[Entries supplied Boundary: Start]
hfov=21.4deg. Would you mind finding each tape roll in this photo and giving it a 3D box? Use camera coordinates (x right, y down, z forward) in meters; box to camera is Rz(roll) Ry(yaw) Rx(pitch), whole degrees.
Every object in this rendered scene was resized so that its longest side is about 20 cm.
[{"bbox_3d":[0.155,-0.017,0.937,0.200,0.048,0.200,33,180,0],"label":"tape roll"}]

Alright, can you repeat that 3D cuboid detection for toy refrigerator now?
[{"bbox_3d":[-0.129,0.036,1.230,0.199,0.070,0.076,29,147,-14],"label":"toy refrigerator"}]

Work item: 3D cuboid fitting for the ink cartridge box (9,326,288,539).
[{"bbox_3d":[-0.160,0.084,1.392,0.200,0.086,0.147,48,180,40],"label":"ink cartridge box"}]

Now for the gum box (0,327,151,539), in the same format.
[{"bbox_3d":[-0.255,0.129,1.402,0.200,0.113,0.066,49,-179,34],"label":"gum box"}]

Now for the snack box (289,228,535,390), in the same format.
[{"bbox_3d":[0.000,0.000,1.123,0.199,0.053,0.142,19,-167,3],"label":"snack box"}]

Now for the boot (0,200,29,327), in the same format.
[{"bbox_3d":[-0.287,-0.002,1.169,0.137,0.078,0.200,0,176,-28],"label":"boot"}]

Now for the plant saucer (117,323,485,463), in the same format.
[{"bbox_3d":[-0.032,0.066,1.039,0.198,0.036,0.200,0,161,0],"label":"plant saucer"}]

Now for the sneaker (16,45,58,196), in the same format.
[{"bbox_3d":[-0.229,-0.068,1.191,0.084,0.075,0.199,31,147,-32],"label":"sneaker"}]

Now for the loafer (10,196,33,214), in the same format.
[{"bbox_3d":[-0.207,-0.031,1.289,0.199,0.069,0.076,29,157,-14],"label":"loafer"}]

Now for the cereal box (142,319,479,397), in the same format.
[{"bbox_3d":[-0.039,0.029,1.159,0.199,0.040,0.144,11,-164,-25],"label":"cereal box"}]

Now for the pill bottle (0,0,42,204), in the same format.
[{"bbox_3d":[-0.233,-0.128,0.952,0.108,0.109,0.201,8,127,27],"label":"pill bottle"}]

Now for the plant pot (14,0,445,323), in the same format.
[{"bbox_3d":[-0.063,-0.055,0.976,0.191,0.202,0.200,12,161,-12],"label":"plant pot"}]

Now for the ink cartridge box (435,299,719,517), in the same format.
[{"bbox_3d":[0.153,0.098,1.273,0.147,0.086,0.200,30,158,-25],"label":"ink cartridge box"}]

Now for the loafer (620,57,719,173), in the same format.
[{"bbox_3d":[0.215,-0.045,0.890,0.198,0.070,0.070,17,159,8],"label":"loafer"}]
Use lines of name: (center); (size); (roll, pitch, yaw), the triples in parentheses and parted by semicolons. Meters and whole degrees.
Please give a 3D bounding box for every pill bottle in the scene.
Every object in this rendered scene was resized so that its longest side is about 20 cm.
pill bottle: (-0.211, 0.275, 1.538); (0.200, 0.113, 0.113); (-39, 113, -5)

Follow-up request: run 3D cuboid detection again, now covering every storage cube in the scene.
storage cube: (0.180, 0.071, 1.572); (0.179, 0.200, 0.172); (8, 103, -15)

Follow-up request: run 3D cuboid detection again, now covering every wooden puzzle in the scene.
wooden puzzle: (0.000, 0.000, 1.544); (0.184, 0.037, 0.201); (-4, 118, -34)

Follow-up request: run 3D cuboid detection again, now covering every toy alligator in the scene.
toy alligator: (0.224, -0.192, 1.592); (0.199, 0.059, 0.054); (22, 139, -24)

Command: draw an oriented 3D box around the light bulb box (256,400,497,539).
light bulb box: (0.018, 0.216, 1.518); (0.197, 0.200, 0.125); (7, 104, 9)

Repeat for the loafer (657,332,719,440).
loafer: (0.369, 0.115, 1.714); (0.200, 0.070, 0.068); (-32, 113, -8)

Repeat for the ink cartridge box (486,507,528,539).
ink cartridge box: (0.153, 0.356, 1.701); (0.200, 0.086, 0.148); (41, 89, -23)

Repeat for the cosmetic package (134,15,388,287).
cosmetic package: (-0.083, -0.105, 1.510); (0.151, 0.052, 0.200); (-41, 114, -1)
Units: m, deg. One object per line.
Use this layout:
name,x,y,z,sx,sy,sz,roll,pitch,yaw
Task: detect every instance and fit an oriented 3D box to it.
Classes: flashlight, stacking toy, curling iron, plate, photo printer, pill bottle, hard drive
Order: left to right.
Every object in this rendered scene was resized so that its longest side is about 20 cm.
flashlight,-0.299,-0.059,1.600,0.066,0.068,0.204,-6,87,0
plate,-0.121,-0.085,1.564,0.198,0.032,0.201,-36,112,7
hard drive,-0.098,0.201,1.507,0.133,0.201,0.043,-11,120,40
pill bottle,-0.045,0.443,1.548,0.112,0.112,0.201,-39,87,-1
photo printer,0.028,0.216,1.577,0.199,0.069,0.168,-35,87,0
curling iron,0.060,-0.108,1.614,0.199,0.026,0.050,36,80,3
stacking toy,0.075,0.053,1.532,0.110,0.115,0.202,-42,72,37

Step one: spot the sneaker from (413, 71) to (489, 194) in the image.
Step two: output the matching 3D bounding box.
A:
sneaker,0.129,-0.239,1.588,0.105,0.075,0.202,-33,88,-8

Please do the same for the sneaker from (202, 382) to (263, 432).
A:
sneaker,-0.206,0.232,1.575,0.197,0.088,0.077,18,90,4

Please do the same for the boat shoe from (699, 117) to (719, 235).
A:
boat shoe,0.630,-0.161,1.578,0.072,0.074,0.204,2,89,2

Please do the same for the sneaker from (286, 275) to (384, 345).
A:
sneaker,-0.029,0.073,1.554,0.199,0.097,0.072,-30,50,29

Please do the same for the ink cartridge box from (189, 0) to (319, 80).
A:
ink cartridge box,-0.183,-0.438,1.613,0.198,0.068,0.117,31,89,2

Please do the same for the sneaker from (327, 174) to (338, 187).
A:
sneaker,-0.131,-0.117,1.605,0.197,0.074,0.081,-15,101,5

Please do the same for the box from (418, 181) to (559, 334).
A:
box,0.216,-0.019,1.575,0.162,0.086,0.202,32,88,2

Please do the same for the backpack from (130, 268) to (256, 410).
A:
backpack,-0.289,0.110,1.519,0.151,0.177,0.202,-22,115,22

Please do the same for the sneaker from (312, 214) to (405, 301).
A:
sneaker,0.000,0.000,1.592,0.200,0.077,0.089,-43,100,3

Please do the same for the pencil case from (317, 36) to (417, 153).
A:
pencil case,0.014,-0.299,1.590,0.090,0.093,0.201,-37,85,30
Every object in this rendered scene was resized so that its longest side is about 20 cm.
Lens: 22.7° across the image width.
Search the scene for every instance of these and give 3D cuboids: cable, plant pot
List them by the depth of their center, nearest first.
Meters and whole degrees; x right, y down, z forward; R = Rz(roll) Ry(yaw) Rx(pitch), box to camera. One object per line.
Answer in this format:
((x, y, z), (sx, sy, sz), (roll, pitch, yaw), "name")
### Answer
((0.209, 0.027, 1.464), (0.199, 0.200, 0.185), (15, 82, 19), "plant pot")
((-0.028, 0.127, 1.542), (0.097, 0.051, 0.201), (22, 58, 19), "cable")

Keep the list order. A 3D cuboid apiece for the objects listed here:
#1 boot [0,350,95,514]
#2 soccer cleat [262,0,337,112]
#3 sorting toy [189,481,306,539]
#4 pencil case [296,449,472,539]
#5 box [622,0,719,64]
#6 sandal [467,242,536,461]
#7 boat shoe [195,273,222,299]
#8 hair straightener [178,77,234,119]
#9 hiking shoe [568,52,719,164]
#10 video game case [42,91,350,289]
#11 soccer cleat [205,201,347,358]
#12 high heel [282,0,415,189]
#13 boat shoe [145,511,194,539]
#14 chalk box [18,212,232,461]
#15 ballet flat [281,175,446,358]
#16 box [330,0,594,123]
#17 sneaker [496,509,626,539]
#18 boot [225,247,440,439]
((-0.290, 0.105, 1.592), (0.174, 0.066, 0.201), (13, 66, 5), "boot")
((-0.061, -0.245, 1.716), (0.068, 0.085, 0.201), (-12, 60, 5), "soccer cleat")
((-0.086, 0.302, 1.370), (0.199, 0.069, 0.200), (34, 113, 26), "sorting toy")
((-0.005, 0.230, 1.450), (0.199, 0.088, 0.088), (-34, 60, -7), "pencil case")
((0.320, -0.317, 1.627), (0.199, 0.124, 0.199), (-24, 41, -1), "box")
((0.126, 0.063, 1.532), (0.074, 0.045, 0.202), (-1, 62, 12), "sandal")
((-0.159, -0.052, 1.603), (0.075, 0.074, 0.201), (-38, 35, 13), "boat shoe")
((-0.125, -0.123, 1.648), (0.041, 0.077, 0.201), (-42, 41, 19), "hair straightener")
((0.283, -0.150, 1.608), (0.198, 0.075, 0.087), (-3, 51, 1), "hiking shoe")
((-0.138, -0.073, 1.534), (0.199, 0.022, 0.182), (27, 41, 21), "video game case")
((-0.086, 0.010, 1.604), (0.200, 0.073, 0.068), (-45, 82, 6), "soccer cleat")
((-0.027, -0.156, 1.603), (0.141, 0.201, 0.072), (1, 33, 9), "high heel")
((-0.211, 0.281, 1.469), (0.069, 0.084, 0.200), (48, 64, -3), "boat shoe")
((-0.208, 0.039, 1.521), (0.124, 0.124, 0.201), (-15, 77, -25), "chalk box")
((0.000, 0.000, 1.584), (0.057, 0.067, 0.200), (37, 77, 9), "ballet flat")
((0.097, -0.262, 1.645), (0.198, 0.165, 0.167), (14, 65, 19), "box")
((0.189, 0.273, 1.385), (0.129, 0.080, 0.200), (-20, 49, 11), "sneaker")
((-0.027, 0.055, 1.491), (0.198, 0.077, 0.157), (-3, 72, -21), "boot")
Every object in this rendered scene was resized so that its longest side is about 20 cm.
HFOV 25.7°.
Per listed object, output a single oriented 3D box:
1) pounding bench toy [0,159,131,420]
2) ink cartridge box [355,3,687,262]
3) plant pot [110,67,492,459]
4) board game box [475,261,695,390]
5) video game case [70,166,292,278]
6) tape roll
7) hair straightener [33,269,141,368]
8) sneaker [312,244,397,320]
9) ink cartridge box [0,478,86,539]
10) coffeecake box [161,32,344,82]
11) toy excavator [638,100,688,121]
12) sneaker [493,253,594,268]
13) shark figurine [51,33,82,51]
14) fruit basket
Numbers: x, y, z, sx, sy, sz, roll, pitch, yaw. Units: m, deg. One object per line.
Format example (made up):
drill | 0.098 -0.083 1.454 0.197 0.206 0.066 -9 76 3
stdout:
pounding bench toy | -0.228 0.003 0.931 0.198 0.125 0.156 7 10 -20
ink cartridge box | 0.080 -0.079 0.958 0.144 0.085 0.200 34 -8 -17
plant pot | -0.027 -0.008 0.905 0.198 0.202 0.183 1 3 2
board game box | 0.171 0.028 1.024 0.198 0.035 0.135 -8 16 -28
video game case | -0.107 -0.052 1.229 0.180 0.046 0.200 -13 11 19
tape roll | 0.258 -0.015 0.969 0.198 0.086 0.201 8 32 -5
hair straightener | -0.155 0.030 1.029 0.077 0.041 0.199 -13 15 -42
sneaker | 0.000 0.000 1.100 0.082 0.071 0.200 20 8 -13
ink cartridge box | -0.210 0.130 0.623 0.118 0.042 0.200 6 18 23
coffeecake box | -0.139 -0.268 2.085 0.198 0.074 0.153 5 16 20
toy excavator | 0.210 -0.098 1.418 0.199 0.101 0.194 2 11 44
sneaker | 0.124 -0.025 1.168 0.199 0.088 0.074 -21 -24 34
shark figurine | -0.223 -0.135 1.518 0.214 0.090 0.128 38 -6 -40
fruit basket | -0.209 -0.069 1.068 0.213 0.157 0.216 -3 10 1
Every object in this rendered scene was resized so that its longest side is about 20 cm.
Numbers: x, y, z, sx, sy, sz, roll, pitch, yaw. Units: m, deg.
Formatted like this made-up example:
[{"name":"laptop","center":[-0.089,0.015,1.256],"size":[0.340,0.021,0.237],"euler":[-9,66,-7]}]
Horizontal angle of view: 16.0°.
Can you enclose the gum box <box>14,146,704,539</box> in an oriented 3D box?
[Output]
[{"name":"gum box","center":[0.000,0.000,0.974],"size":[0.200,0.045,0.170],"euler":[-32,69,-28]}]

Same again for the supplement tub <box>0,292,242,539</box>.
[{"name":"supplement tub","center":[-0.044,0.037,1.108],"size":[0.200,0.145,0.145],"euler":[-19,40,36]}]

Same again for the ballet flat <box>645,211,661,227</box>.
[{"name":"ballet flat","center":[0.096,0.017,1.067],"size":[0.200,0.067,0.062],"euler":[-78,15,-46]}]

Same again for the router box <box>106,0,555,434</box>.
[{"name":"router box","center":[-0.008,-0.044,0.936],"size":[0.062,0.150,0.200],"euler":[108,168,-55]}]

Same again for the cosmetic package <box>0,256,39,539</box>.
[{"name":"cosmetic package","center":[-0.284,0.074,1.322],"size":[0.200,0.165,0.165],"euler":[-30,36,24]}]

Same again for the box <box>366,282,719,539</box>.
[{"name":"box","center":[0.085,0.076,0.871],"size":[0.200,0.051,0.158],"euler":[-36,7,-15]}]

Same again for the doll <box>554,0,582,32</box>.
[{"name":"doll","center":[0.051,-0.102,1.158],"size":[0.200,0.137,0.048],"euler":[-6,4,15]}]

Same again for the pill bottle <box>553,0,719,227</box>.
[Entries supplied Boundary: End]
Problem to work on:
Quote, without alteration, the final stretch of the entries: the line with "Same again for the doll" onward to the last line.

Answer section:
Same again for the doll <box>554,0,582,32</box>.
[{"name":"doll","center":[0.051,-0.102,1.158],"size":[0.200,0.137,0.048],"euler":[-6,4,15]}]

Same again for the pill bottle <box>553,0,719,227</box>.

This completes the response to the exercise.